* What needs to be done *
Which lines in the records below mention the word "Chauvet"? Copy each one out.

Records contained in a dataset
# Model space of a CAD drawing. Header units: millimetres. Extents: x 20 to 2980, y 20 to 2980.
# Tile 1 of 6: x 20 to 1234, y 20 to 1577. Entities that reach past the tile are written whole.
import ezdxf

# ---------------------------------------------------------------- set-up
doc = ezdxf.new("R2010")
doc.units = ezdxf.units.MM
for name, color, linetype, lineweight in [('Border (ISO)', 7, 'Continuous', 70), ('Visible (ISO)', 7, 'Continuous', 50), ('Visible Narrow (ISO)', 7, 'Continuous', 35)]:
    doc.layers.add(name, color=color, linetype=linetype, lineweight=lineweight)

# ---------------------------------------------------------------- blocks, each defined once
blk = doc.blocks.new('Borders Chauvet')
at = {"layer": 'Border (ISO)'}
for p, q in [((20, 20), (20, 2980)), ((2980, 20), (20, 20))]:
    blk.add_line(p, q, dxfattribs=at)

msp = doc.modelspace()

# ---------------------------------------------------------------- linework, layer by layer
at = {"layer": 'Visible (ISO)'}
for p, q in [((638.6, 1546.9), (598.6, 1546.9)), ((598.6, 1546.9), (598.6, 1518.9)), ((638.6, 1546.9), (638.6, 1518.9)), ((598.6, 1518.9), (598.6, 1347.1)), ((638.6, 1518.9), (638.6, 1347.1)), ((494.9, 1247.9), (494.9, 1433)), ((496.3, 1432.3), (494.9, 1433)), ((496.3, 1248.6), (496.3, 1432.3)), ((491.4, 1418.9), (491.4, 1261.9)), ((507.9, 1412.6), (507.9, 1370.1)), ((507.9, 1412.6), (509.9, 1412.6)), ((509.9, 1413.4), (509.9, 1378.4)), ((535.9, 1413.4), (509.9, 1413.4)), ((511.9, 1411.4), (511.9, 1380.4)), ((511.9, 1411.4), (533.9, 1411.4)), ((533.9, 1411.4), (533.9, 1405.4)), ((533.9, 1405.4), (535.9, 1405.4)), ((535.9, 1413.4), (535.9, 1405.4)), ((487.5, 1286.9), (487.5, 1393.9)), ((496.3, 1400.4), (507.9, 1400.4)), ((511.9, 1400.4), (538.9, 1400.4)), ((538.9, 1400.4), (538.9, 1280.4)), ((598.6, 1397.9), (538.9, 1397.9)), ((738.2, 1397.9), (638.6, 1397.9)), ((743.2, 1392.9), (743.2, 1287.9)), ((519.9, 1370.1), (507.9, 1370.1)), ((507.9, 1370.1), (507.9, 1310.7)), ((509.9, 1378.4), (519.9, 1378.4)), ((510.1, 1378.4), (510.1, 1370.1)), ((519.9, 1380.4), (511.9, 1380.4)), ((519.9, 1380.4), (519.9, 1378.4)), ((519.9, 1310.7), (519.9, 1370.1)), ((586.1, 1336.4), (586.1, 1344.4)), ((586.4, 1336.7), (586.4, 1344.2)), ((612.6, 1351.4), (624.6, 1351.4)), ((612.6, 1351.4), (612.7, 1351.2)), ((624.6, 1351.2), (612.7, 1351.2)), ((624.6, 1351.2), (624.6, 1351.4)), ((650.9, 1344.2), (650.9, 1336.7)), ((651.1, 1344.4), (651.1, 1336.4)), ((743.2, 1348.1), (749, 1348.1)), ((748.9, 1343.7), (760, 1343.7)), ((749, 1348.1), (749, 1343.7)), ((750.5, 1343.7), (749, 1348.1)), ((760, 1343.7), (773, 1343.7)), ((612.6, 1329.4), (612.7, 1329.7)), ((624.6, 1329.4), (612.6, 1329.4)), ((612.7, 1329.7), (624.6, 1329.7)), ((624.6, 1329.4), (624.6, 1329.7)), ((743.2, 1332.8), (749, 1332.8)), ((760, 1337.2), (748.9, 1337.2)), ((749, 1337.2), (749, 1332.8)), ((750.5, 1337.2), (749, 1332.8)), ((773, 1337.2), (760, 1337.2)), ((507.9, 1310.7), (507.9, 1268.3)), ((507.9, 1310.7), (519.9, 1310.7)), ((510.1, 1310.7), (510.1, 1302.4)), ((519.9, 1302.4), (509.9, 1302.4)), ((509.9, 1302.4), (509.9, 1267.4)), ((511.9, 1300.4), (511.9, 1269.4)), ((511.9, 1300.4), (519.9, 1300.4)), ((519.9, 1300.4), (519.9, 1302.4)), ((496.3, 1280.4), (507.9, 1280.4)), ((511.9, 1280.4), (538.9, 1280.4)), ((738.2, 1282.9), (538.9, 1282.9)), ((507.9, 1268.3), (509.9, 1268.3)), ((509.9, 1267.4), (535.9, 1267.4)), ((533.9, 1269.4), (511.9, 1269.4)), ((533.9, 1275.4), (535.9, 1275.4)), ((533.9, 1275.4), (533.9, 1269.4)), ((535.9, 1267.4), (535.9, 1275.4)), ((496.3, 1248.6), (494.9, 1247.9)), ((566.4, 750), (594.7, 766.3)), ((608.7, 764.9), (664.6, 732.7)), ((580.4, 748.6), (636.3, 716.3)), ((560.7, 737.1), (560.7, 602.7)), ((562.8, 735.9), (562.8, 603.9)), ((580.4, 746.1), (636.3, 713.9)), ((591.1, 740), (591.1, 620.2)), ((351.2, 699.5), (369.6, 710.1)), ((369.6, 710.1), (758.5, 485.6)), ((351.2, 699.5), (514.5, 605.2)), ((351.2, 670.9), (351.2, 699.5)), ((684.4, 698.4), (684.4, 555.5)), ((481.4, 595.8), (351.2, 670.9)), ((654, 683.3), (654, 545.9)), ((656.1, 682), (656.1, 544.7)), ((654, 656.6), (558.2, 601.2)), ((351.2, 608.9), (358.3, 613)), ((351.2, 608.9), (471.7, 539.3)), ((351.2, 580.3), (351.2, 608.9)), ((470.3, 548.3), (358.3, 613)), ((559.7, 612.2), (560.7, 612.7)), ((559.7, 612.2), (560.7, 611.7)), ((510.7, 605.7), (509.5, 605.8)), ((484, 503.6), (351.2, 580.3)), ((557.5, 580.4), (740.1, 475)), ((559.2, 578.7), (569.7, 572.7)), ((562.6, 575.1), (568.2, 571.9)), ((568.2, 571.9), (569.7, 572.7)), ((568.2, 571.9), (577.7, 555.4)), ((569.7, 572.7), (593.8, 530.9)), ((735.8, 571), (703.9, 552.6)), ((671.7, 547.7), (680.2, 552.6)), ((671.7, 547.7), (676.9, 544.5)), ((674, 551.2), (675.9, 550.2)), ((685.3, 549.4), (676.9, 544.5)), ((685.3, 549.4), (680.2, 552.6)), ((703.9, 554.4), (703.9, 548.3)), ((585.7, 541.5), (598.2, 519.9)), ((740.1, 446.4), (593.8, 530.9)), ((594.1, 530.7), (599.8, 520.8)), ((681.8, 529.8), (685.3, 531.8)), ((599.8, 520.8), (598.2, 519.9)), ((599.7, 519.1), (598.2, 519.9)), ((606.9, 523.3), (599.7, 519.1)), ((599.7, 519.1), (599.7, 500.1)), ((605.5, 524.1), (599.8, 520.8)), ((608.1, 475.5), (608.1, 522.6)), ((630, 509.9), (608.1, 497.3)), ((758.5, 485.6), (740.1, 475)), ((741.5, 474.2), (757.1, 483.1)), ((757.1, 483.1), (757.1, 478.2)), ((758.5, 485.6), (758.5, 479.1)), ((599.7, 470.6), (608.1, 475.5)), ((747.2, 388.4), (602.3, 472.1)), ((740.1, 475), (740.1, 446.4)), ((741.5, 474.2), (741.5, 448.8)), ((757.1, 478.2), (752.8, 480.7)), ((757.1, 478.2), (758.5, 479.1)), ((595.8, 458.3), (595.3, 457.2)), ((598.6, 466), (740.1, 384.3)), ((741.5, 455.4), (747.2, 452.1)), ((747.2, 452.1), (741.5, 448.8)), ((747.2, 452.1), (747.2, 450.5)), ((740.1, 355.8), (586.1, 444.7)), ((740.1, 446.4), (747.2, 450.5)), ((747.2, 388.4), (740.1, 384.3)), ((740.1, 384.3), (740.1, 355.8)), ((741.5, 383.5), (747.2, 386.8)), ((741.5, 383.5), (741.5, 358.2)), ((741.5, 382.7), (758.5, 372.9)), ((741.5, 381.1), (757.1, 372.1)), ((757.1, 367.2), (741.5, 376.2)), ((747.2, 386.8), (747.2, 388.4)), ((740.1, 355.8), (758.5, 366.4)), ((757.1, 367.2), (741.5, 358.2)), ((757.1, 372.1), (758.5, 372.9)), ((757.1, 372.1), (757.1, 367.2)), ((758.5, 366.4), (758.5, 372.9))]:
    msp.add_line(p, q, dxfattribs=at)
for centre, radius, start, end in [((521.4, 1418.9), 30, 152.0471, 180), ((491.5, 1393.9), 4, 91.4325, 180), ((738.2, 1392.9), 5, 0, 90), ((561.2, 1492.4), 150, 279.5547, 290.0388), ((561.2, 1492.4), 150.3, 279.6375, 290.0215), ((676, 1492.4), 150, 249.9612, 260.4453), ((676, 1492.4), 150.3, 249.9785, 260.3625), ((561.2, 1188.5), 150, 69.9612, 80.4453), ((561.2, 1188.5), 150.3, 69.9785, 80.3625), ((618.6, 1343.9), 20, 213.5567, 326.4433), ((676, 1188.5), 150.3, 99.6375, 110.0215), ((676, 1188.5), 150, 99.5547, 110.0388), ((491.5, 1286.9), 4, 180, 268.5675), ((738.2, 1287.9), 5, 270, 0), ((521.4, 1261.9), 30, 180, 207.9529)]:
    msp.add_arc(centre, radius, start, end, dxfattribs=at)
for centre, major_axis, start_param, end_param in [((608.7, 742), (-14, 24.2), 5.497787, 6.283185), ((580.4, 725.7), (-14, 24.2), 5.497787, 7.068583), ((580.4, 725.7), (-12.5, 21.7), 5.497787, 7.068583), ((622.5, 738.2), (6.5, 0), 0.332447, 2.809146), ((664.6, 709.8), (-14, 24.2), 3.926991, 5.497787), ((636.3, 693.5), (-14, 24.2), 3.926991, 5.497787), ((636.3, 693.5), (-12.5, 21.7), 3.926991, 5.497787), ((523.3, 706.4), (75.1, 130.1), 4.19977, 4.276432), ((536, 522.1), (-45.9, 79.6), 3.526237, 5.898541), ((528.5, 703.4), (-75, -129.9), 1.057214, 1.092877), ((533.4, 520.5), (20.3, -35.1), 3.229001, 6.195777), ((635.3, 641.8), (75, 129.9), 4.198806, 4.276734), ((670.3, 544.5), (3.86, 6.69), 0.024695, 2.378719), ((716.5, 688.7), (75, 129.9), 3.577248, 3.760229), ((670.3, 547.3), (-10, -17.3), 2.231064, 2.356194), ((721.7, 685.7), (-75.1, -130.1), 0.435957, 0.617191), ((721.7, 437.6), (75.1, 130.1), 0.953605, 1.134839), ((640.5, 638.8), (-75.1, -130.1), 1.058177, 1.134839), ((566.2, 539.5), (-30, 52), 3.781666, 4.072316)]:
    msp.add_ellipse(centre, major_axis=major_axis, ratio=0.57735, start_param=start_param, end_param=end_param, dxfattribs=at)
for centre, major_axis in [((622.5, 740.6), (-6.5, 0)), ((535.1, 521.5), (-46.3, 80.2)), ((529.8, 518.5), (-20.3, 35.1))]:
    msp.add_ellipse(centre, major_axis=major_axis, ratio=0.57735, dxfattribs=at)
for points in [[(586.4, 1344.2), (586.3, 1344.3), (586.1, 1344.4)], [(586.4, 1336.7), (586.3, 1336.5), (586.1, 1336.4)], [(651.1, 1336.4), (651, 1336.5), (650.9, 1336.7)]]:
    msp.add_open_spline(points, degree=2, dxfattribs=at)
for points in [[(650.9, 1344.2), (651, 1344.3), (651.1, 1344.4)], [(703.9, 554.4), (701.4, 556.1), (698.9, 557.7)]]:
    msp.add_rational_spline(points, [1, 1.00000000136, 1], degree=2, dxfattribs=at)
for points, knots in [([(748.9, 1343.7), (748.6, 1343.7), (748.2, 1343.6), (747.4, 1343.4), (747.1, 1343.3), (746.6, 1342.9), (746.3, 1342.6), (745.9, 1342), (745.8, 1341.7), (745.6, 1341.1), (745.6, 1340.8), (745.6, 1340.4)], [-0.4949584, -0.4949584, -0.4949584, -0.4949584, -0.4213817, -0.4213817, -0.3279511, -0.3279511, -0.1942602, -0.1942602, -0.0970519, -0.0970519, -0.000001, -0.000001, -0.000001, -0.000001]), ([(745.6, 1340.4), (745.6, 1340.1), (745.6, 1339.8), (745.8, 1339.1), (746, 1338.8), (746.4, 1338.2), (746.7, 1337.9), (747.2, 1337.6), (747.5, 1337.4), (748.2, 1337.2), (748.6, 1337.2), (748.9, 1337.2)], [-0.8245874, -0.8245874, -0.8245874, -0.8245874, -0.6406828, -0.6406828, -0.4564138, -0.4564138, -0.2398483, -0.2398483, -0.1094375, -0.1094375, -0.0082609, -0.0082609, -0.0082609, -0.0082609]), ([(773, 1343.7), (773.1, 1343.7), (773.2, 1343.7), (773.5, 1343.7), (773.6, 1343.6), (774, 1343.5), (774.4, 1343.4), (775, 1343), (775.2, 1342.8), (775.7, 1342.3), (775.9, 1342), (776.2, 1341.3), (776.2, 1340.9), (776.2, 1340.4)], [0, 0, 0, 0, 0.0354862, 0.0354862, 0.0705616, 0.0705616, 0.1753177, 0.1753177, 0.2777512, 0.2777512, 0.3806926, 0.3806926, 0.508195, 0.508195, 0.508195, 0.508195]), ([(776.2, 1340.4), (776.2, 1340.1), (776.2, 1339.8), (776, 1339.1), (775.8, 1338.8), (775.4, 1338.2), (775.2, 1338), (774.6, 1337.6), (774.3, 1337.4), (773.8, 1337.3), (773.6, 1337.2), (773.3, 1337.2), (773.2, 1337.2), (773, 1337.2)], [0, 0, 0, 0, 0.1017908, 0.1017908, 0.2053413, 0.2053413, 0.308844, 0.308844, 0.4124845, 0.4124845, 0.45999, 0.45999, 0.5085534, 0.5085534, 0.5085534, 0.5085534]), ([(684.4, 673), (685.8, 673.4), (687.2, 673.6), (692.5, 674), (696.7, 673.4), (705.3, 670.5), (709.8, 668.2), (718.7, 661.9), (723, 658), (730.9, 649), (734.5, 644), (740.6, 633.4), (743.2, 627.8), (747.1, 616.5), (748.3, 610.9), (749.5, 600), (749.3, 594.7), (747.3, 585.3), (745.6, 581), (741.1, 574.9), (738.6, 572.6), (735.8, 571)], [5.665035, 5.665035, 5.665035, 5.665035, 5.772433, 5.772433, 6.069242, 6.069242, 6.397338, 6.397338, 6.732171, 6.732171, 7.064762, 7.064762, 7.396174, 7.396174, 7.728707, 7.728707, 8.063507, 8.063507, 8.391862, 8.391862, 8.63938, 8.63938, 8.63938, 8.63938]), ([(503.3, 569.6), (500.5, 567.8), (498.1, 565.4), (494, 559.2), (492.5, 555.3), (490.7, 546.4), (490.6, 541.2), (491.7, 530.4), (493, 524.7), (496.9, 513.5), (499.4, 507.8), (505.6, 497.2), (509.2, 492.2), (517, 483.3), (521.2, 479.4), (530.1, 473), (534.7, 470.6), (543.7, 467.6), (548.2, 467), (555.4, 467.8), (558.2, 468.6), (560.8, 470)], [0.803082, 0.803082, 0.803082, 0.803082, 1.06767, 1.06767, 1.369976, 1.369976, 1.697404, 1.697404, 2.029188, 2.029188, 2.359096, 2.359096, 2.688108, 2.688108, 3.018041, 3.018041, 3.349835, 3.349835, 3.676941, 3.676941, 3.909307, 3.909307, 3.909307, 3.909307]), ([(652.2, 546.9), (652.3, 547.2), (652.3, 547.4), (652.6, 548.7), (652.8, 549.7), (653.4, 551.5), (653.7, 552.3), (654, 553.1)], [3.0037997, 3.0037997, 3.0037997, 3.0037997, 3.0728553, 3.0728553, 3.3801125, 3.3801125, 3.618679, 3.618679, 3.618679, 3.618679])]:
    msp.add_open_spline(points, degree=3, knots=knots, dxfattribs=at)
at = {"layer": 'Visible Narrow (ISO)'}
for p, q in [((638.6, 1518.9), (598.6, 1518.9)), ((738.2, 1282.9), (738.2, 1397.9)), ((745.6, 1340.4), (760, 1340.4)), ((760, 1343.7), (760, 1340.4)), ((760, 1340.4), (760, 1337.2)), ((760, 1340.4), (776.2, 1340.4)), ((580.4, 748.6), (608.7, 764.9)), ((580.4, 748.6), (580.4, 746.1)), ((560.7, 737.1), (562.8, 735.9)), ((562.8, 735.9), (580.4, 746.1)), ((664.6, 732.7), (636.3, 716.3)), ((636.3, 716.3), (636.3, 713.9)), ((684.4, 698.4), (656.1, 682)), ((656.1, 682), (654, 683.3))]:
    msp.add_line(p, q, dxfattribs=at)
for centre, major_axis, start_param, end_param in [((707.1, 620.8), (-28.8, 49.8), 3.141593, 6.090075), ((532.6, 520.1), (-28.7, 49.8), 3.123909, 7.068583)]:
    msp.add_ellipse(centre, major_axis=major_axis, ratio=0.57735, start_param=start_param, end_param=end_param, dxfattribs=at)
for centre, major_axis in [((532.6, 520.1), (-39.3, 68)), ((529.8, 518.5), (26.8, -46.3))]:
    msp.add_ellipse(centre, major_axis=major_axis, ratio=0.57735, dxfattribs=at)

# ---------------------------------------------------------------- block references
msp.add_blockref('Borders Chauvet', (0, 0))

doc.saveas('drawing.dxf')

* Answer *
blk = doc.blocks.new('Borders Chauvet')
msp.add_blockref('Borders Chauvet', (0, 0))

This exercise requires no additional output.